Project Documentation

Global Giving / Global Philanthropy Forum Innovation Marketplace

Nomination – Sakena Yacoobi, Afghan Institute of Learning

January 14, 2005

  1. Historical Overview of the Afghan Institute of Learning’s Women’s Learning Centers (2)

Services of the WLCs (3)

Expansion of WLCs to Conservative, Rural Communities (4)

in Afghanistan in 2003 and 2004

Support for Grassroots Community-Based Organizations (5)

Student Feedback (5)

  1. Overview of THE AFGHAN INSTITUTE OF LEARNING (7)

Major Accomplishments of AIL Since 1995 (8)

(a) Teacher Training (8)

(b) Human Rights and Leadership (8)

(c) Home Schools (9)

(d) Women’s Learning Centers (9)

(e) Health Programs (9)

(f) School Support, Advanced Classes, and Pre-schools (9)

(g) Afghan Women’s University(10)

(h) Support for Community-Based Organizations(10)

(i) Voice of Education Magazine(10)

AIL Main Activities and Services(11)

I. Historical Overview of the Afghan Institute of Learning’s Women’s Learning Centers

The Afghan Institute of Learning (AIL) was the first NGO to start Women’s Learning Centers (WLCs) in refugee camps in Pakistan in 2002. Requested by the women in the camps, the WLCs are designed to meet the multiple needs of Afghan women and children. WLCs train teachers, provide health care and health education, and offer preschool through university classes. Workshops that train women to be leaders and to advocate for their basic human rights are offered in the WLCs. Women also learn income generating skills like sewing and carpet weaving.

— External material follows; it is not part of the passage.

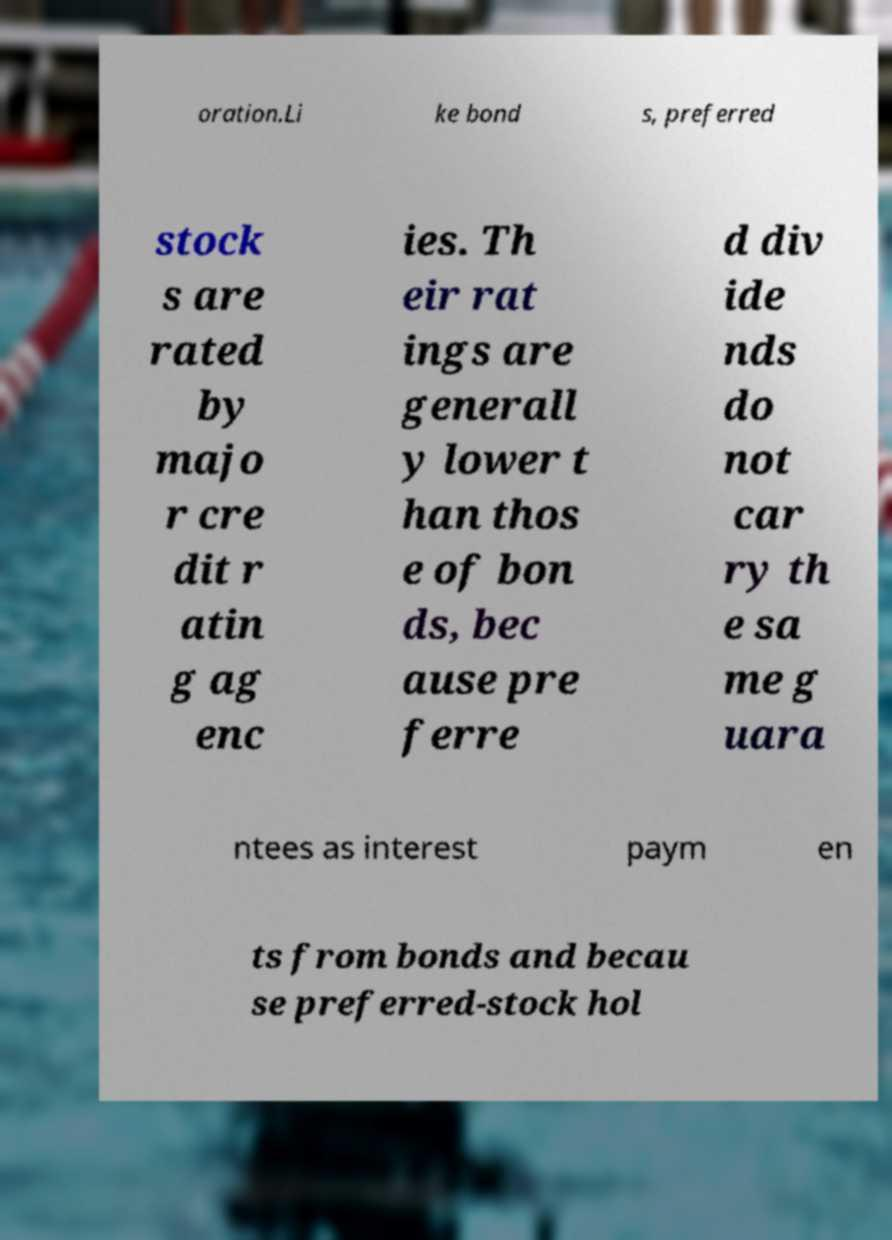Please identify and transcribe the text found in this image. oration.Li ke bond s, preferred stock s are rated by majo r cre dit r atin g ag enc ies. Th eir rat ings are generall y lower t han thos e of bon ds, bec ause pre ferre d div ide nds do not car ry th e sa me g uara ntees as interest paym en ts from bonds and becau se preferred-stock hol

Afghan women are eager to return to school after years of having no opportunity to learn because of war and the brutal Taliban regime. After years of war, the literacy rate of Afghan females is among the lowest in the world. Widows and poor women wish to become literate. Older girls, who were prevented from attending school, want to learn on an accelerated basis and study with girls their own age. Women, who were forced to marry young and stop their schooling want to finish their education. In response to these needs, WLCs offer women and girls Fast Track classes that allow them to study on an accelerated basis to complete grade certificates, learn subjects like English and computers in enrichment classes, and/or learn basic reading, writing, and arithmetic. Some younger girls study in fast track programs, complete grade certificates within a few months, and mainstream into public school at a grade level appropriate for their ages.

When the first WLCs opened in Pakistan and began providing education and health services, word about the success of the programs spread quickly. Soon, AIL was showered with requests from other communities for their own WLCs. AIL now has eighteen Women’s Learning Centers, where there were none in December of 2001. One of the striking impacts of AIL’s work with Women’s Learning Centers is that this model of providing health and educational services to women has been successfully expanded to hard-to-reach rural areas in provincial Herat, Parwan, and Kabul (e.g. Sar Asia, Lolenge, Shakardara) at the request of those communities. Many of these rural communities have historically been resistant to women’s and girls’ education but through AIL’s principles of community involvement and cultural sensitivity, the organization has been able to reach women in these communities with urgently needed services. In fact, AIL continues to receive requests for services from other rural communities who have learned about the quality of AIL’s work with women and girls. AIL is working hard to meet this demand.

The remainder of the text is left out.